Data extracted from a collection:
━━━

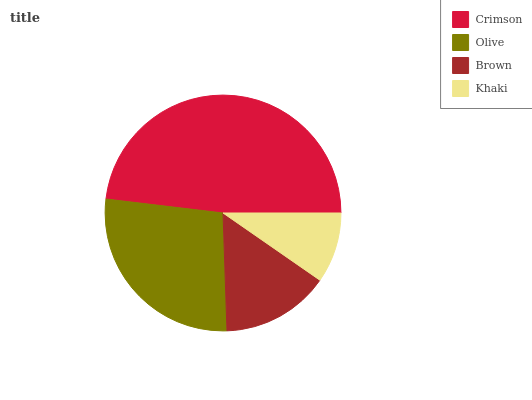Is Khaki the minimum?
Answer yes or no. Yes. Is Crimson the maximum?
Answer yes or no. Yes. Is Olive the minimum?
Answer yes or no. No. Is Olive the maximum?
Answer yes or no. No. Is Crimson greater than Olive?
Answer yes or no. Yes. Is Olive less than Crimson?
Answer yes or no. Yes. Is Olive greater than Crimson?
Answer yes or no. No. Is Crimson less than Olive?
Answer yes or no. No. Is Olive the high median?
Answer yes or no. Yes. Is Brown the low median?
Answer yes or no. Yes. Is Brown the high median?
Answer yes or no. No. Is Olive the low median?
Answer yes or no. No. 
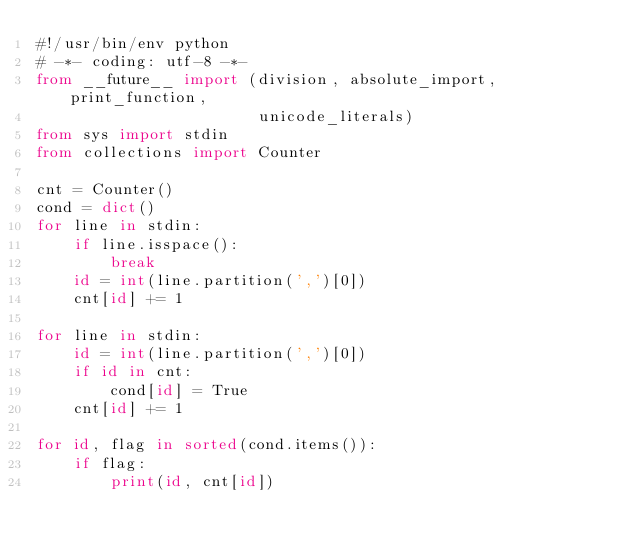Convert code to text. <code><loc_0><loc_0><loc_500><loc_500><_Python_>#!/usr/bin/env python
# -*- coding: utf-8 -*-
from __future__ import (division, absolute_import, print_function,
                        unicode_literals)
from sys import stdin
from collections import Counter

cnt = Counter()
cond = dict()
for line in stdin:
    if line.isspace():
        break
    id = int(line.partition(',')[0])
    cnt[id] += 1

for line in stdin:
    id = int(line.partition(',')[0])
    if id in cnt:
        cond[id] = True
    cnt[id] += 1

for id, flag in sorted(cond.items()):
    if flag:
        print(id, cnt[id])</code>

━━━

**Goal of the exercise**
An answer that restates all the entries exactly and drops the images is what is needed.

**Result of the task**
Is Khaki the minimum?
Answer yes or no. Yes. Is Crimson the maximum?
Answer yes or no. Yes. Is Olive the minimum?
Answer yes or no. No. Is Olive the maximum?
Answer yes or no. No. Is Crimson greater than Olive?
Answer yes or no. Yes. Is Olive less than Crimson?
Answer yes or no. Yes. Is Olive greater than Crimson?
Answer yes or no. No. Is Crimson less than Olive?
Answer yes or no. No. Is Olive the high median?
Answer yes or no. Yes. Is Brown the low median?
Answer yes or no. Yes. Is Brown the high median?
Answer yes or no. No. Is Olive the low median?
Answer yes or no. No. 
Convert code to text. <code><loc_0><loc_0><loc_500><loc_500><_Python_>#!/usr/bin/env python
# -*- coding: utf-8 -*-
from __future__ import (division, absolute_import, print_function,
                        unicode_literals)
from sys import stdin
from collections import Counter

cnt = Counter()
cond = dict()
for line in stdin:
    if line.isspace():
        break
    id = int(line.partition(',')[0])
    cnt[id] += 1

for line in stdin:
    id = int(line.partition(',')[0])
    if id in cnt:
        cond[id] = True
    cnt[id] += 1

for id, flag in sorted(cond.items()):
    if flag:
        print(id, cnt[id])</code>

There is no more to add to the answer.